>>>>>
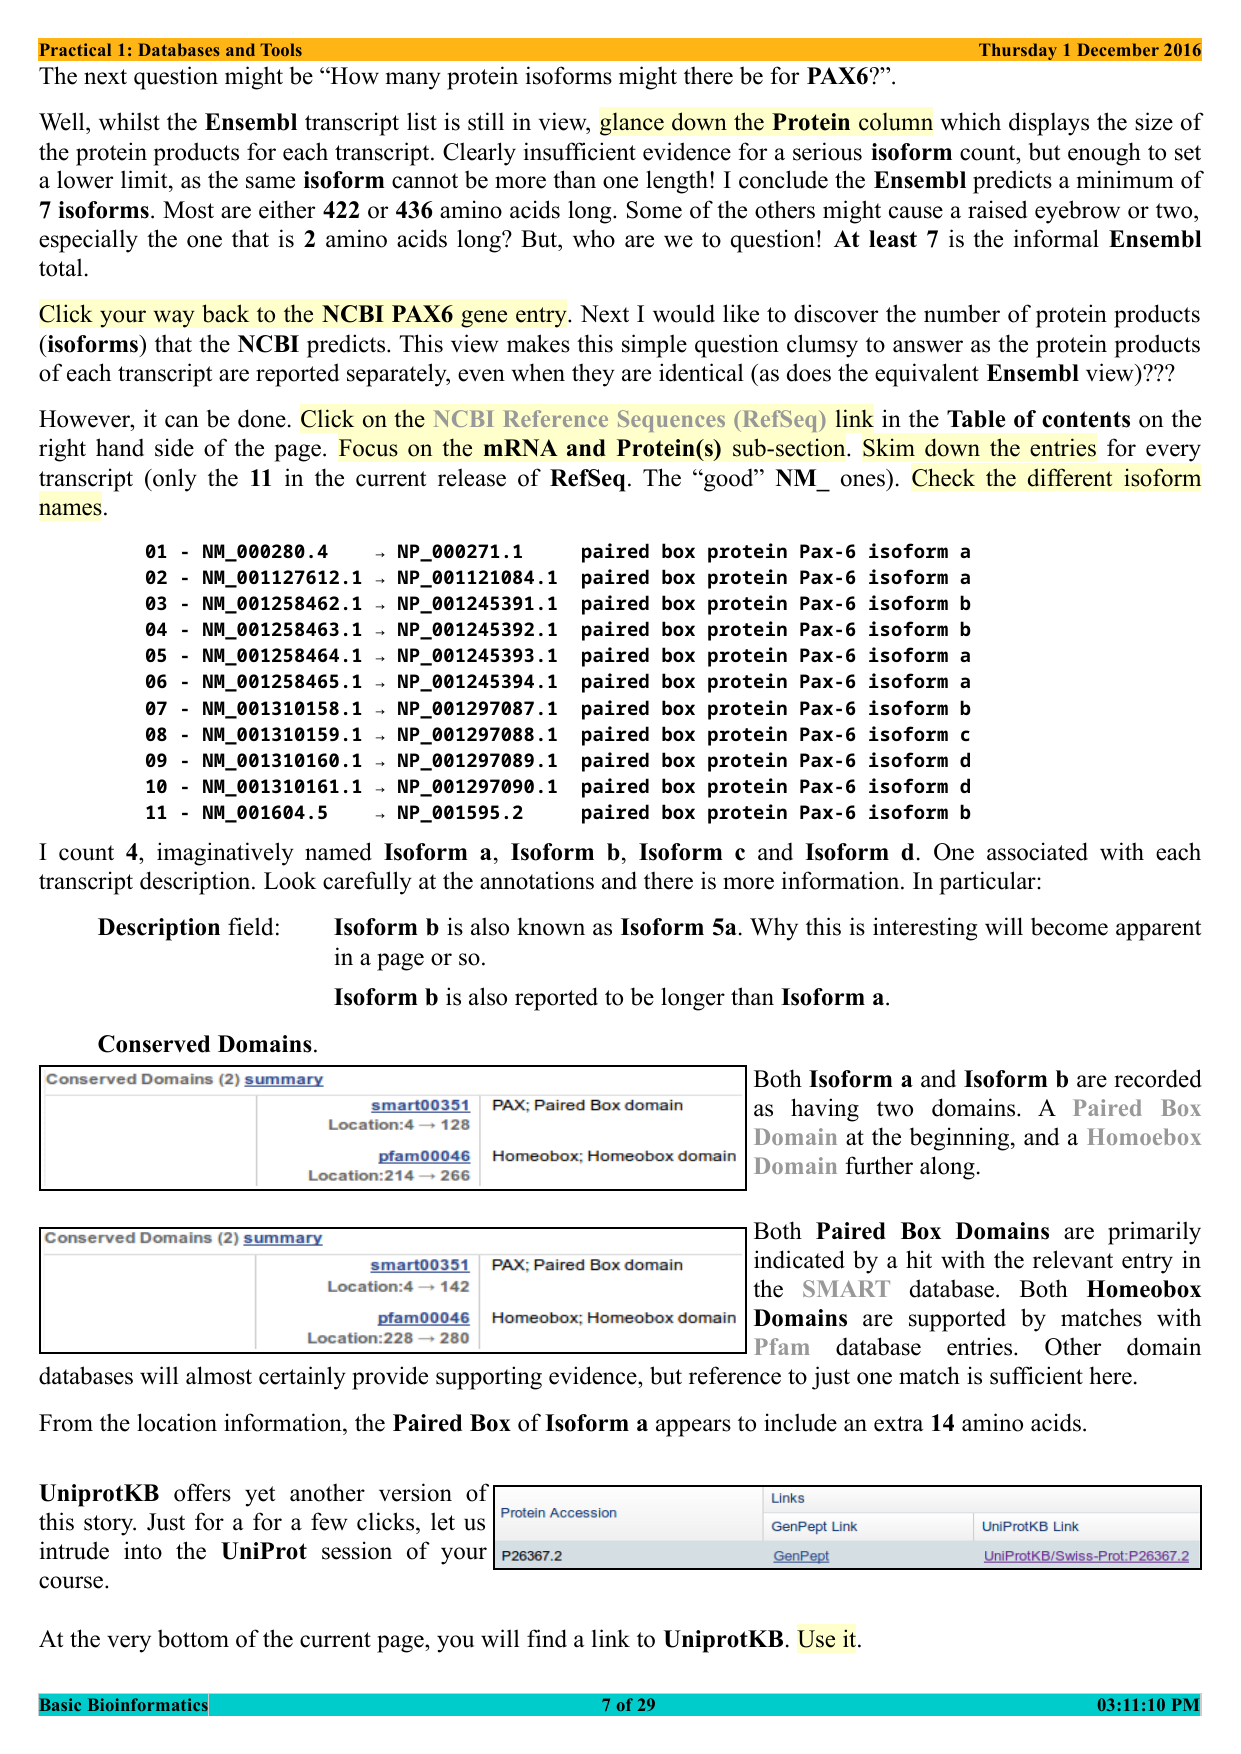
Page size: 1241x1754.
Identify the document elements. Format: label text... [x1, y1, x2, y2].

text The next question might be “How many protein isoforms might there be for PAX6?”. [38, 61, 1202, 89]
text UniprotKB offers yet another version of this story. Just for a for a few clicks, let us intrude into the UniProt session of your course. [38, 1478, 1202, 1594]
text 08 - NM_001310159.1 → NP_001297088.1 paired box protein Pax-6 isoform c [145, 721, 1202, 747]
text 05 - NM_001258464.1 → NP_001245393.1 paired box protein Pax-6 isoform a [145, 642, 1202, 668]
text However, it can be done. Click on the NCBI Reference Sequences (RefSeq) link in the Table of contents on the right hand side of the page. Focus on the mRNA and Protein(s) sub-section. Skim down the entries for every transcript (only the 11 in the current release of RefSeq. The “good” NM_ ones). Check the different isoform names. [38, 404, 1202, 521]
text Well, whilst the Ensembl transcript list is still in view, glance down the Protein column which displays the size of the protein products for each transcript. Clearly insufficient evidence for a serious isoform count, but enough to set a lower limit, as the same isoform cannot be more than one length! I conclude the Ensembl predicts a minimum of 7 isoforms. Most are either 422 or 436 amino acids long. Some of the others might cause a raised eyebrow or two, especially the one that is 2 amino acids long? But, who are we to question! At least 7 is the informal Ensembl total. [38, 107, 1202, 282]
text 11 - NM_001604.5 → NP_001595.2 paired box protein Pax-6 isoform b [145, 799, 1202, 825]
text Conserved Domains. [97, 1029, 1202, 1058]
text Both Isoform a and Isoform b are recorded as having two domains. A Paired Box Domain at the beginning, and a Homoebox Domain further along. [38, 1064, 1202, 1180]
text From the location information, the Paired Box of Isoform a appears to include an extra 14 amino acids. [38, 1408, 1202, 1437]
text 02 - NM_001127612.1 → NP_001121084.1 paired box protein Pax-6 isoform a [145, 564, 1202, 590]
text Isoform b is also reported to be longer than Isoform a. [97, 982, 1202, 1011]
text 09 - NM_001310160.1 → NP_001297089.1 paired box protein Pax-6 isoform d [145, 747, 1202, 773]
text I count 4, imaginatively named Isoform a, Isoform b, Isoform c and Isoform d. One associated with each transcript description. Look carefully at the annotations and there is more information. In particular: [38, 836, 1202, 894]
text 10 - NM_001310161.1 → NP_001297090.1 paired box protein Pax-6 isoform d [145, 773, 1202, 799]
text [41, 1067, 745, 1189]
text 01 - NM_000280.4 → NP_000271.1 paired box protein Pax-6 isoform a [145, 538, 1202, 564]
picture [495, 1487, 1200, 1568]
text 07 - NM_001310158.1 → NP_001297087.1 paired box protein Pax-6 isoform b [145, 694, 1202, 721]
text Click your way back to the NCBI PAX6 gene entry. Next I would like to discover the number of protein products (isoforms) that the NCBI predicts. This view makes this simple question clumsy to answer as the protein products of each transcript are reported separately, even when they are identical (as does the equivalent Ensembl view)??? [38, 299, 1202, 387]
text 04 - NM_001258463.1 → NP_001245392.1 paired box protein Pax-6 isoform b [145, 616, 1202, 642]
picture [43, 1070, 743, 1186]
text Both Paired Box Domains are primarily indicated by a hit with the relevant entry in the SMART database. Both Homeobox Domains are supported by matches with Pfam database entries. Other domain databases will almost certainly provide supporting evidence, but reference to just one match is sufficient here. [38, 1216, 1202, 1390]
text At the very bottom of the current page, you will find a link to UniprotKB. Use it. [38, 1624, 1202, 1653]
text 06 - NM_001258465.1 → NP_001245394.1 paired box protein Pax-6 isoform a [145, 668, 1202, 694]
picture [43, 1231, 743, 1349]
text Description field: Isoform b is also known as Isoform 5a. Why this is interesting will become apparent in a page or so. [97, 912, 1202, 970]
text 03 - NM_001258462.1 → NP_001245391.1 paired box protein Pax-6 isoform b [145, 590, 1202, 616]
<<<<<
From the records above, transcribe exactly the run of lines that opens with the line holding "text Conserved Domains." and closes with the line holding "text Both Isoform", both included.

text Conserved Domains. [97, 1029, 1202, 1058]
text Both Isoform a and Isoform b are recorded as having two domains. A Paired Box Domain at the beginning, and a Homoebox Domain further along. [38, 1064, 1202, 1180]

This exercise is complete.